No quiero volver.
aquí los números no existen: el reloj se cae y el calendario goza de dislexia. puede que tus papás nos esperen, pero yo no espero a nadie, sólo vivo detrás de las nubes para ver la degradación del sol. la lluvia me da la cantidad de motivos para quedarme y escondo mis manos para no parecer que los cuento, de esa forma conseguir acumularlos en mis bolsillos.
pero por sobretodo, son los rincones llenos, las palabras intencionadas, los silencios que complemetan el oleaje del mar ¿será que la sal es el espacio que hay entre las palabras?

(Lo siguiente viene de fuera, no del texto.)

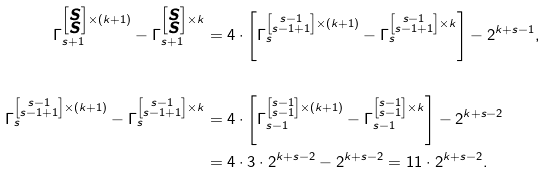<formula> <loc_0><loc_0><loc_500><loc_500>\Gamma _ { s + 1 } ^ { \left [ \substack { s \\ s } \right ] \times ( k + 1 ) } - \Gamma _ { s + 1 } ^ { \left [ \substack { s \\ s } \right ] \times k } & = 4 \cdot \left [ \Gamma _ { s } ^ { \left [ \substack { s - 1 \\ s - 1 + 1 } \right ] \times ( k + 1 ) } - \Gamma _ { s } ^ { \left [ \substack { s - 1 \\ s - 1 + 1 } \right ] \times k } \right ] - 2 ^ { k + s - 1 } , \\ & \\ \Gamma _ { s } ^ { \left [ \substack { s - 1 \\ s - 1 + 1 } \right ] \times ( k + 1 ) } - \Gamma _ { s } ^ { \left [ \substack { s - 1 \\ s - 1 + 1 } \right ] \times k } & = 4 \cdot \left [ \Gamma _ { s - 1 } ^ { \left [ \substack { s - 1 \\ s - 1 } \right ] \times ( k + 1 ) } - \Gamma _ { s - 1 } ^ { \left [ \substack { s - 1 \\ s - 1 } \right ] \times k } \right ] - 2 ^ { k + s - 2 } \\ & = 4 \cdot 3 \cdot 2 ^ { k + s - 2 } - 2 ^ { k + s - 2 } = 1 1 \cdot 2 ^ { k + s - 2 } .</formula>

hay puertas por las que quiero entrar nuevamente, bancas de plaza en donde mojarme, arena de playa donde naufragar.
No quiero volver
quiero mojarme más, contigo. recitarle al mar. desaparecer la soledad al silencio. ser feliz con mi rostro empapado. quiero volver a ver cómo la niebla vuela entre tus pestañas y se desliza a la deriva, mientras me reflejo, bien de cerquita, en aquella gota.
1 comentario:
Mily me envió la foto donde aparecemos empapadas por la lluvia ancuditana. Las dos sonreíamos. Es una linda foto, osea, salgo horrible xD pero me gustó, tú sonríes, yo sonrío y ese fue un momento donde una cámara captó el momento exacto donde la felicidad se hizo agua y caía sobre nosotras.
La cámara captó parte de ese sueño que fue Ancud.